Product of uniquely ergodic continuous disjoint maps is uniquely ergodic

Question

Let $g: X \rightarrow X$ and $h: Y \rightarrow Y$ be continuous uniquely ergodic maps between compact metric spaces. Assume $g$ and $h$ are disjoint. Show that $g \times h$ is uniquely ergodic.

Attempt Let $\mu$ be the unique ergodic measure on $X$ and $\nu$ be the unique ergodic measure on $Y$. Then $g \times h$ is ergodic with respect to the product measure $\mu \times \nu$. I think the way to go is now to show that every other ergodic measure $m$ on $X \times Y$ yields a contradiction to the disjointness property of $g$ and $h$. Sadly I have no idea how to start this argument. Can somebody give a hint? Or am I on the totally wrong path?

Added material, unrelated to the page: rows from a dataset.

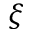Convert formula to latex. <formula><loc_0><loc_0><loc_500><loc_500>\xi</formula> 
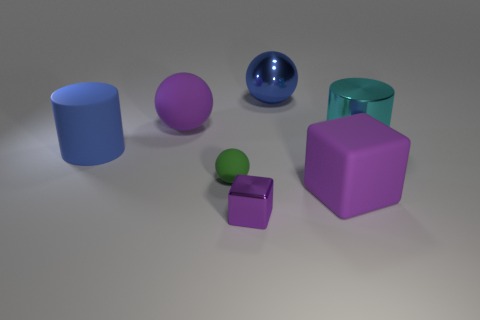Subtract all big blue balls. How many balls are left? 2 Subtract all blue spheres. How many spheres are left? 2 Add 2 large objects. How many objects exist? 9 Subtract all balls. How many objects are left? 4 Subtract 1 blocks. How many blocks are left? 1 Add 1 purple spheres. How many purple spheres exist? 2 Subtract 0 brown cylinders. How many objects are left? 7 Subtract all gray balls. Subtract all purple cylinders. How many balls are left? 3 Subtract all red matte cubes. Subtract all blue rubber cylinders. How many objects are left? 6 Add 2 tiny green matte objects. How many tiny green matte objects are left? 3 
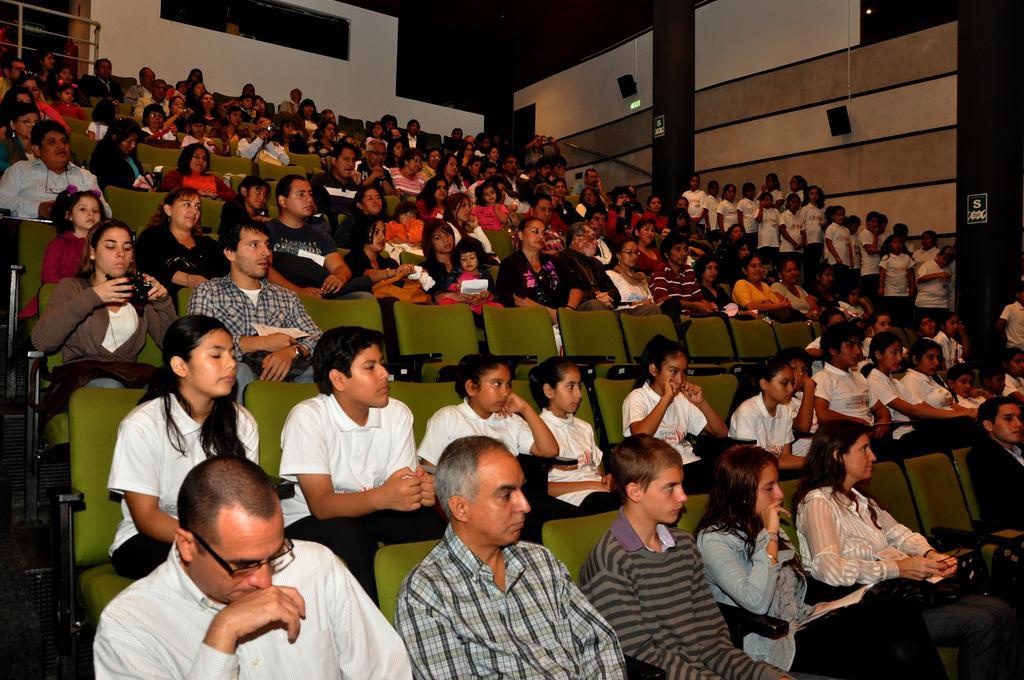Describe this image in one or two sentences. People are sitting on green chairs in an auditorium. People are standing at the right wearing white t shirts.

Definition Two measure preserving maps $r: (A,\mu) \rightarrow (A,\mu)$ and $s: (B,\nu) \rightarrow (B,\nu)$ between probability spaces are disjoint if the product measure $\mu \times \nu$ is the only joining.

Answer 1

I think it goes like this:

Let $\mu$ be the unique ergodic measure on $X$ and $\nu$ be the unique ergodic measure on $Y$.

Now suppose $\eta$ is a finite $(g \times h)$-invariant Borel measure. The objective is to show there is only one such measure. Let $\pi_X: X \times Y \to X$ and $\pi_X: X \times Y \to Y$ be the projection maps. Try showing the following:

1. Compute $(\pi_X)_*\eta$ and show it is equal to $\mu$ by unique ergodicity.
2. Do the same thing for $(\pi_Y)_*\eta$ and $\nu$.
3. Then $\eta$ is a joining by definition. Now by the disjointness hypothesis and your definition, $\eta$ must be $\mu \times \nu$.

(So you don't need to assume $\mu \times \nu$ is ergodic to start with.)